Whether you're taking part in National Novel Writing Month or just trying to put together a marketing email, keep an eye out for these common mistakes
Nov 4, 2019 • 5 minute read
Updated on Jan 21, 2020 by Adam S.
Cover Photo

In honor of National Novel Writing Month, learn how to avoid some common mistakes before you set pen to paper.

It's the 20th anniversary of National Novel Writing Month, or NaNoWriMo. Since 1999, thousands of participants have taken on the challenge of writing a 50,000 word manuscript between 1 November and 30 November.
But even if you aren't up to the challenge of penning the next literary classic, knowing how to express yourself through the written word is important for your business. Whether you're writing business emails, producing marketing copy or blogging for your website, writing skills are essential to communicate your business' value proposition.
Now, not everyone will be a brilliant wordsmith, but anyone can become a competent writer with a bit of work. We could go into detail on using proper grammar and punctuation, but for the sake of brevity we'll look at some of the more common missteps in style and tone. No matter what you're writing for your business, if you avoid these common mistakes, you'll immediately become a better writer.

1. Being overly formal

A lot of novice writers lean on formality as a way to sound articulate. Instead, it ends up making their prose cumbersome and difficult to follow.
In most cases, the best rule of thumb is to write the way people speak. This doesn’t necessarily mean writing the way you speak. You may not be a particularly confident verbal communicator, or you may pepper your speech with a lot of colloquialisms. Writing the way people speak isn’t about simply transcribing your speech onto paper. It’s about communicating in a way that sounds natural and unforced.
Think about the concept you’re trying to communicate, and then think about how you’d communicate it face-to-face with another person. Think about the natural cadence of people’s speech. If you read your prose out loud and it sounds clunky and robotic, it’s a good indication you’re being too formal.
A very simple way you can start writing more conversationally is using contractions. There’s almost no reason to avoid contractions in informal writing. You use them when you speak. Use them when you write.
Informal writing also allows you to bend some pedantic grammar rules. A strict grammarian will tell you never to start a sentence with “and” or “but.” But bending this rule can make your writing more approachable. And starting a sentence this way can reinforce the point you’re trying to make by splitting the thought off into its own sentence.

2. Being too verbose

This goes hand-in-hand with an overly formal writing style. Good writing uses as few words as possible to get its point across. Or, in the words of Mark Twain, it “eschews surplusage.”
Good writing respects its reader, and it respects the time its reader is investing. It gets from the beginning to the end of its thesis in as few words as possible while still remaining effective.
Don’t mistake this rule for meaning you can’t color your writing with adjectives. Used effectively, they can increase your impact and make your writing more approachable. Your writing doesn’t have to be spartan. It just needs to get to its point.

3. Using passive voice

This is one of the most commonly committed and least identified sins writers commit. Passive voice is putting the action before the subject rather than the subject before the action. In short, it's Yoda syntax.
Here's an example of passive voice:
"The race was run by him."
Now the same sentence in active voice:
"He ran the race."
Notice how the second example sounds much tighter, clearer and more succinct. In contrast, passive voice sounds cumbersome and unnatural. But many writers, even some seasoned writers, fall into the trap of using passive voice. Perhaps they feel it makes their writing sound more formal. In reality, it just makes it harder to read.

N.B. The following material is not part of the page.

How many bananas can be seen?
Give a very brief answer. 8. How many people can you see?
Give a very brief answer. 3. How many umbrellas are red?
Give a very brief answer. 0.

4. Using superlatives you can’t back up

So a superlative is an adjective describing something that at the upper or lower limit of a certain quality. For example, “the best streaming service,” or “the worst movie ever made.”
There’s no problem using superlatives. They give your writing some color and make it more engaging for the reader. The issue comes when you use a superlative that can be easily disproved.
For example, let’s say we said, “Every entrepreneur struggles their first year in business.” The danger here is that all it takes is a single entrepreneur whose first year in business was a breeze, and your entire theory is debunked.
It’s fine to use superlatives — and to use them authoritatively — for claims that are obviously statements of opinion. You don’t even have to add the disclaimer that they’re your opinion. Any reasonable reader will understand that. Just don’t throw superlatives around for subjects that can be empirically measured.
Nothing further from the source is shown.